** Data records follows **

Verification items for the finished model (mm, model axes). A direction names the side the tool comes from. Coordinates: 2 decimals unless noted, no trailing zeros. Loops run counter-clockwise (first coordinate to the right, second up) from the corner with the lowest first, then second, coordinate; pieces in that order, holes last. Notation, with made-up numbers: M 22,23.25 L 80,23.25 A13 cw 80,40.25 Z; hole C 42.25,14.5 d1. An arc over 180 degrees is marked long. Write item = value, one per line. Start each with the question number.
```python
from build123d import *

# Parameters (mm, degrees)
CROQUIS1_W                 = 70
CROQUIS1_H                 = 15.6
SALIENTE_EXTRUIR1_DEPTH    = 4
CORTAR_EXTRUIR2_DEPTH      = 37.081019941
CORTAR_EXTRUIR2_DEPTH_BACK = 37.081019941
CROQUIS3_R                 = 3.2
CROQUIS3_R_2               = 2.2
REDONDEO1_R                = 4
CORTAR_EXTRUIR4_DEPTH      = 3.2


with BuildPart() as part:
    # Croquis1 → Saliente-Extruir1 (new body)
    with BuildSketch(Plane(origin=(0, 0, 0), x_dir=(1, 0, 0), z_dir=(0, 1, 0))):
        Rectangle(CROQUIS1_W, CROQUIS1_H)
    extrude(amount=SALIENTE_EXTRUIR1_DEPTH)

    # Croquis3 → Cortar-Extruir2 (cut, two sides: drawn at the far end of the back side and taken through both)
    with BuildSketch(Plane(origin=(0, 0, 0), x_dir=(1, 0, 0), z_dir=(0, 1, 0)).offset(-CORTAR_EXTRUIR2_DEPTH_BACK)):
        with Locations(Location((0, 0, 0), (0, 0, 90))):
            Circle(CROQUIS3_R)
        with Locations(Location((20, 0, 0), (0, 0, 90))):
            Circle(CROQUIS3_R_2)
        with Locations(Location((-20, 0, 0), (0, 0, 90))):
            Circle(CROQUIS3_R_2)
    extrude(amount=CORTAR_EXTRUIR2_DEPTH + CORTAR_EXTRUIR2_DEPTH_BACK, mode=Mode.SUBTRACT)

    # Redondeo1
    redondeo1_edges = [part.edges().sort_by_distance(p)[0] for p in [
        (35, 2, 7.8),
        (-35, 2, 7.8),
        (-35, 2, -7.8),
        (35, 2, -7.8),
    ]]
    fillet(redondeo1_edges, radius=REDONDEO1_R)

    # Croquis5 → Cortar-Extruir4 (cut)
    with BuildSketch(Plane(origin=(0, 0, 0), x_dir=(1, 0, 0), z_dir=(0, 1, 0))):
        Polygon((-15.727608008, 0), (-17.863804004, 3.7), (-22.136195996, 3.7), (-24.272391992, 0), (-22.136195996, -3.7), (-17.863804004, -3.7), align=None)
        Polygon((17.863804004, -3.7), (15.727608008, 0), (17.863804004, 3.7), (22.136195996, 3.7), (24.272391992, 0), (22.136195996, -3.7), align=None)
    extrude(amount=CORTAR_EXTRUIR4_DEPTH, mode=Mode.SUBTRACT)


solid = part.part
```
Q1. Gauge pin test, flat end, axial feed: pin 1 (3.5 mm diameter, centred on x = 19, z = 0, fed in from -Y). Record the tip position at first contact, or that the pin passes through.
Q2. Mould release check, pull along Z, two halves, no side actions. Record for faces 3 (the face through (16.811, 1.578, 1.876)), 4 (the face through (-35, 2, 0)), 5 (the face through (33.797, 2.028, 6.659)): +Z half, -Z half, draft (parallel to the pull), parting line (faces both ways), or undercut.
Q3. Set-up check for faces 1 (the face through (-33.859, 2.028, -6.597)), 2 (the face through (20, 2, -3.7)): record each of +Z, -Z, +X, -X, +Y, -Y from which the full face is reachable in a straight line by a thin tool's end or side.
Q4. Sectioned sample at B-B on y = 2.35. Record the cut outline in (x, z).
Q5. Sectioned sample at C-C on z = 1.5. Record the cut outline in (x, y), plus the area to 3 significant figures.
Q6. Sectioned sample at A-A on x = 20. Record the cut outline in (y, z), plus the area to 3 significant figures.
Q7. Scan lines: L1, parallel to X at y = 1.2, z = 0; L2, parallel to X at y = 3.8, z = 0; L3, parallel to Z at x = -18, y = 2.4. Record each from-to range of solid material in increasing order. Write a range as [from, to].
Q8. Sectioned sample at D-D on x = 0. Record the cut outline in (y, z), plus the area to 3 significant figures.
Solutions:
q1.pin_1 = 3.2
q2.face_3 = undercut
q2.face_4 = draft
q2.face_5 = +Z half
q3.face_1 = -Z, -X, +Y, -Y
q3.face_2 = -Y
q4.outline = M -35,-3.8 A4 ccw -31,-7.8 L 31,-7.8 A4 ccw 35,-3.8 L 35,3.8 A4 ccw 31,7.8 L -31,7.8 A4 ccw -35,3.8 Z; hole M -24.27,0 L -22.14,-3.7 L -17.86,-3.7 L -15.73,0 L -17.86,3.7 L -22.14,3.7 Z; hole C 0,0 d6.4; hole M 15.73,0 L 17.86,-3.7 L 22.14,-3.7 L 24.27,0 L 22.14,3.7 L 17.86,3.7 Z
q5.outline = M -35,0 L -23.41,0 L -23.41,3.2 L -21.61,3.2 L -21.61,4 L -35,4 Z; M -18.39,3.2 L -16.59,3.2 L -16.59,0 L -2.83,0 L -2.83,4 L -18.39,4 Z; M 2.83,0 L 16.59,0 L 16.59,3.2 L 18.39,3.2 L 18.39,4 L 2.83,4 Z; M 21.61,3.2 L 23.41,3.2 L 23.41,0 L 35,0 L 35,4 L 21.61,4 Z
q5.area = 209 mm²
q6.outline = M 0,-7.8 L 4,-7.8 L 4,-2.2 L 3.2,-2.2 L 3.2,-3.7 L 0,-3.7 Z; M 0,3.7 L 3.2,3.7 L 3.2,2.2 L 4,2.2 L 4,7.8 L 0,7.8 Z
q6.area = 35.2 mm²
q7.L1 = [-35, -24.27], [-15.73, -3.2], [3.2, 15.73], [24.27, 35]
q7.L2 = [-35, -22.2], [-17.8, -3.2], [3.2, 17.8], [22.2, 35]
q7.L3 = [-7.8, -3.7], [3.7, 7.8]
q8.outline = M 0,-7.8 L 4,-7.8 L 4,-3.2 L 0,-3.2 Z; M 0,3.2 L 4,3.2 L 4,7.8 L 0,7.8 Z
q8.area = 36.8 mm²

** End of Data records **

Goal of the exercise |
Reproduce the entries above in full, so that each one reads exactly as before.

Exercise output |
Verification items for the finished model (mm, model axes). A direction names the side the tool comes from. Coordinates: 2 decimals unless noted, no trailing zeros. Loops run counter-clockwise (first coordinate to the right, second up) from the corner with the lowest first, then second, coordinate; pieces in that order, holes last. Notation, with made-up numbers: M 22,23.25 L 80,23.25 A13 cw 80,40.25 Z; hole C 42.25,14.5 d1. An arc over 180 degrees is marked long. Write item = value, one per line. Start each with the question number.
```python
from build123d import *

# Parameters (mm, degrees)
CROQUIS1_W                 = 70
CROQUIS1_H                 = 15.6
SALIENTE_EXTRUIR1_DEPTH    = 4
CORTAR_EXTRUIR2_DEPTH      = 37.081019941
CORTAR_EXTRUIR2_DEPTH_BACK = 37.081019941
CROQUIS3_R                 = 3.2
CROQUIS3_R_2               = 2.2
REDONDEO1_R                = 4
CORTAR_EXTRUIR4_DEPTH      = 3.2


with BuildPart() as part:
    # Croquis1 → Saliente-Extruir1 (new body)
    with BuildSketch(Plane(origin=(0, 0, 0), x_dir=(1, 0, 0), z_dir=(0, 1, 0))):
        Rectangle(CROQUIS1_W, CROQUIS1_H)
    extrude(amount=SALIENTE_EXTRUIR1_DEPTH)

    # Croquis3 → Cortar-Extruir2 (cut, two sides: drawn at the far end of the back side and taken through both)
    with BuildSketch(Plane(origin=(0, 0, 0), x_dir=(1, 0, 0), z_dir=(0, 1, 0)).offset(-CORTAR_EXTRUIR2_DEPTH_BACK)):
        with Locations(Location((0, 0, 0), (0, 0, 90))):
            Circle(CROQUIS3_R)
        with Locations(Location((20, 0, 0), (0, 0, 90))):
            Circle(CROQUIS3_R_2)
        with Locations(Location((-20, 0, 0), (0, 0, 90))):
            Circle(CROQUIS3_R_2)
    extrude(amount=CORTAR_EXTRUIR2_DEPTH + CORTAR_EXTRUIR2_DEPTH_BACK, mode=Mode.SUBTRACT)

    # Redondeo1
    redondeo1_edges = [part.edges().sort_by_distance(p)[0] for p in [
        (35, 2, 7.8),
        (-35, 2, 7.8),
        (-35, 2, -7.8),
        (35, 2, -7.8),
    ]]
    fillet(redondeo1_edges, radius=REDONDEO1_R)

    # Croquis5 → Cortar-Extruir4 (cut)
    with BuildSketch(Plane(origin=(0, 0, 0), x_dir=(1, 0, 0), z_dir=(0, 1, 0))):
        Polygon((-15.727608008, 0), (-17.863804004, 3.7), (-22.136195996, 3.7), (-24.272391992, 0), (-22.136195996, -3.7), (-17.863804004, -3.7), align=None)
        Polygon((17.863804004, -3.7), (15.727608008, 0), (17.863804004, 3.7), (22.136195996, 3.7), (24.272391992, 0), (22.136195996, -3.7), align=None)
    extrude(amount=CORTAR_EXTRUIR4_DEPTH, mode=Mode.SUBTRACT)


solid = part.part
```
Q1. Gauge pin test, flat end, axial feed: pin 1 (3.5 mm diameter, centred on x = 19, z = 0, fed in from -Y). Record the tip position at first contact, or that the pin passes through.
Q2. Mould release check, pull along Z, two halves, no side actions. Record for faces 3 (the face through (16.811, 1.578, 1.876)), 4 (the face through (-35, 2, 0)), 5 (the face through (33.797, 2.028, 6.659)): +Z half, -Z half, draft (parallel to the pull), parting line (faces both ways), or undercut.
Q3. Set-up check for faces 1 (the face through (-33.859, 2.028, -6.597)), 2 (the face through (20, 2, -3.7)): record each of +Z, -Z, +X, -X, +Y, -Y from which the full face is reachable in a straight line by a thin tool's end or side.
Q4. Sectioned sample at B-B on y = 2.35. Record the cut outline in (x, z).
Q5. Sectioned sample at C-C on z = 1.5. Record the cut outline in (x, y), plus the area to 3 significant figures.
Q6. Sectioned sample at A-A on x = 20. Record the cut outline in (y, z), plus the area to 3 significant figures.
Q7. Scan lines: L1, parallel to X at y = 1.2, z = 0; L2, parallel to X at y = 3.8, z = 0; L3, parallel to Z at x = -18, y = 2.4. Record each from-to range of solid material in increasing order. Write a range as [from, to].
Q8. Sectioned sample at D-D on x = 0. Record the cut outline in (y, z), plus the area to 3 significant figures.
Solutions:
q1.pin_1 = 3.2
q2.face_3 = undercut
q2.face_4 = draft
q2.face_5 = +Z half
q3.face_1 = -Z, -X, +Y, -Y
q3.face_2 = -Y
q4.outline = M -35,-3.8 A4 ccw -31,-7.8 L 31,-7.8 A4 ccw 35,-3.8 L 35,3.8 A4 ccw 31,7.8 L -31,7.8 A4 ccw -35,3.8 Z; hole M -24.27,0 L -22.14,-3.7 L -17.86,-3.7 L -15.73,0 L -17.86,3.7 L -22.14,3.7 Z; hole C 0,0 d6.4; hole M 15.73,0 L 17.86,-3.7 L 22.14,-3.7 L 24.27,0 L 22.14,3.7 L 17.86,3.7 Z
q5.outline = M -35,0 L -23.41,0 L -23.41,3.2 L -21.61,3.2 L -21.61,4 L -35,4 Z; M -18.39,3.2 L -16.59,3.2 L -16.59,0 L -2.83,0 L -2.83,4 L -18.39,4 Z; M 2.83,0 L 16.59,0 L 16.59,3.2 L 18.39,3.2 L 18.39,4 L 2.83,4 Z; M 21.61,3.2 L 23.41,3.2 L 23.41,0 L 35,0 L 35,4 L 21.61,4 Z
q5.area = 209 mm²
q6.outline = M 0,-7.8 L 4,-7.8 L 4,-2.2 L 3.2,-2.2 L 3.2,-3.7 L 0,-3.7 Z; M 0,3.7 L 3.2,3.7 L 3.2,2.2 L 4,2.2 L 4,7.8 L 0,7.8 Z
q6.area = 35.2 mm²
q7.L1 = [-35, -24.27], [-15.73, -3.2], [3.2, 15.73], [24.27, 35]
q7.L2 = [-35, -22.2], [-17.8, -3.2], [3.2, 17.8], [22.2, 35]
q7.L3 = [-7.8, -3.7], [3.7, 7.8]
q8.outline = M 0,-7.8 L 4,-7.8 L 4,-3.2 L 0,-3.2 Z; M 0,3.2 L 4,3.2 L 4,7.8 L 0,7.8 Z
q8.area = 36.8 mm²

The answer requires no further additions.